Reduced BRS is shown to be associated with high blood pressure (Chung and Bruehl, 2008) and resetting of baroreceptor working range to a higher level is seen in hypertension (Krieger, 1988). In our study, even though the BRS is lower in the non-athlete group, the systolic or diastolic blood pressure was comparable with that of the athlete group. We hypothesize that in our study, the level of decrease in BRS is not enough to bring a change in blood pressure or the relation between reduced BRS, high blood pressure, and physical activity observed in previous studies might be due to other unknown mechanisms. In support to our argument, Dutoit et al. have stated that there is no correlation between cardiac baroreflex sensitivity and sympathetic baroreflex sensitivity within healthy young humans particularly in males and BRS measured may not reflect the buffering capacity of the baroreceptor mechanism (Dutoit et al., 2010).

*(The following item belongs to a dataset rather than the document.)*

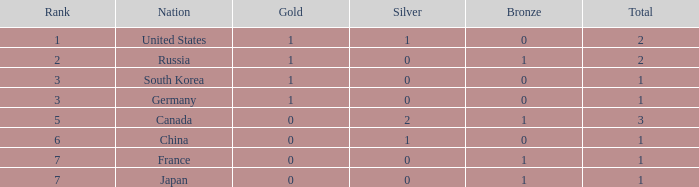Which Bronze has a Rank of 3, and a Silver larger than 0? None.

Short-term blood pressure regulation is by a neural mechanism such as baroreceptor reflex, and long-term control is by renal mechanisms. The decrease in BRS might manifest only during a demand such as an exercise in early stages and requires some more years or an additional defect in renal mechanism to get reflected in resting blood pressure. It has been shown by Meredith et al. that the effect of physical activity is mainly on renal sympathetic and not on cardiac sympathetic activity (Meredith et al., 1991). However, many authors believe that the reduction in blood pressure is mainly due to a reduction in sympathetic vasomotor tone (Brown et al., 2002; Laterza et al., 2007; Fu et al., 2010).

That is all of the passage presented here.